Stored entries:
· · ·
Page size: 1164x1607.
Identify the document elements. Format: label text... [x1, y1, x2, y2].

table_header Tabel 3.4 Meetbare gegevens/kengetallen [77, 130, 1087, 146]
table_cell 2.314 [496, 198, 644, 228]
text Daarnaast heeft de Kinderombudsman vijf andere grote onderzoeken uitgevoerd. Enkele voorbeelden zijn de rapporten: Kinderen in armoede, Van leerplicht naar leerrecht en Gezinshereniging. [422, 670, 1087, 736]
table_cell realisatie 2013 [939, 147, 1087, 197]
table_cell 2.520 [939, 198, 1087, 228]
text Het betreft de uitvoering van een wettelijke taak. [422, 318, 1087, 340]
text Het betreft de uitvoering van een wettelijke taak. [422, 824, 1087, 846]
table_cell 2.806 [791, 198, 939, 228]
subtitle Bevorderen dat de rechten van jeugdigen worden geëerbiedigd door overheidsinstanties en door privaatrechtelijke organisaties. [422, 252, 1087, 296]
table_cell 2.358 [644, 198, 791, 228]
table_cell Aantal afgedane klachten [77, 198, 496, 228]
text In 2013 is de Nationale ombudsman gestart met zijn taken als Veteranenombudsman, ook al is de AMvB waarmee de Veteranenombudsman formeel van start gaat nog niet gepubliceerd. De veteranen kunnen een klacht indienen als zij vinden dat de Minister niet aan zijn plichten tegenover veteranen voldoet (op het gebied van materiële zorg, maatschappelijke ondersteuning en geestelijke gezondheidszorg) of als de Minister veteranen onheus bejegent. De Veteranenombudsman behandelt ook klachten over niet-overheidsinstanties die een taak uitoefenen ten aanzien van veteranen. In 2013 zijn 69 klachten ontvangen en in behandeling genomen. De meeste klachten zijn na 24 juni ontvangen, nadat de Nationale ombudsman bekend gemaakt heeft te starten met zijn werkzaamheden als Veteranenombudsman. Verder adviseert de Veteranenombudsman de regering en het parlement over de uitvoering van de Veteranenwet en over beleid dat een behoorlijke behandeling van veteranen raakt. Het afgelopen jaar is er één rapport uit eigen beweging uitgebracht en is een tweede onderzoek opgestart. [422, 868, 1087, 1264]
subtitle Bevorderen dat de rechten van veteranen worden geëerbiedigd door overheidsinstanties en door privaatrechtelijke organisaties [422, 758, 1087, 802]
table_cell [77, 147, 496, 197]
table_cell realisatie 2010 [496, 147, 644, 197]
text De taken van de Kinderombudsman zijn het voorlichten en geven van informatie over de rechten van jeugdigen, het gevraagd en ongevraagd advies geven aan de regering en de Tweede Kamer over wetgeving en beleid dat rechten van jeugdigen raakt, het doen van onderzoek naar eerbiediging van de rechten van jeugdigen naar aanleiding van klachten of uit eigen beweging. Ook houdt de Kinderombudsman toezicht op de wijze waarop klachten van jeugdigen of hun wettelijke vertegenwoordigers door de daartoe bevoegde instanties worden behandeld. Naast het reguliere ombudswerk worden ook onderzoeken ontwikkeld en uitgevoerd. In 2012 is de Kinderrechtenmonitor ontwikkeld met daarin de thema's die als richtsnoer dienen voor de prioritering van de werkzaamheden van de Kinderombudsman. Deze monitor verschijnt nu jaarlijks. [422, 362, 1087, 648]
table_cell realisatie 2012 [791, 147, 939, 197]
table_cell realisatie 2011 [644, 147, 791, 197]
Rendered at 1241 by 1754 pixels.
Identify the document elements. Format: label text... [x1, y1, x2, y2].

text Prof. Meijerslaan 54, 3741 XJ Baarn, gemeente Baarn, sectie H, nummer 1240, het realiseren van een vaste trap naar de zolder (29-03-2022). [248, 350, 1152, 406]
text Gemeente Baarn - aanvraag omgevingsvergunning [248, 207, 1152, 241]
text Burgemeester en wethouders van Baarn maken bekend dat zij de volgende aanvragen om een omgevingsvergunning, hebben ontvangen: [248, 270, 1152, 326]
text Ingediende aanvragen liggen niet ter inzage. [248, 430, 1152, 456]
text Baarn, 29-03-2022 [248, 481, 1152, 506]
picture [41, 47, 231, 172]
· · ·
**Assignment:** Would you show every line in the data above that contains the string "wettelijke"?

**Output of the task:**
text Het betreft de uitvoering van een wettelijke taak. [422, 318, 1087, 340]
text Het betreft de uitvoering van een wettelijke taak. [422, 824, 1087, 846]
text De taken van de Kinderombudsman zijn het voorlichten en geven van informatie over de rechten van jeugdigen, het gevraagd en ongevraagd advies geven aan de regering en de Tweede Kamer over wetgeving en beleid dat rechten van jeugdigen raakt, het doen van onderzoek naar eerbiediging van de rechten van jeugdigen naar aanleiding van klachten of uit eigen beweging. Ook houdt de Kinderombudsman toezicht op de wijze waarop klachten van jeugdigen of hun wettelijke vertegenwoordigers door de daartoe bevoegde instanties worden behandeld. Naast het reguliere ombudswerk worden ook onderzoeken ontwikkeld en uitgevoerd. In 2012 is de Kinderrechtenmonitor ontwikkeld met daarin de thema's die als richtsnoer dienen voor de prioritering van de werkzaamheden van de Kinderombudsman. Deze monitor verschijnt nu jaarlijks. [422, 362, 1087, 648]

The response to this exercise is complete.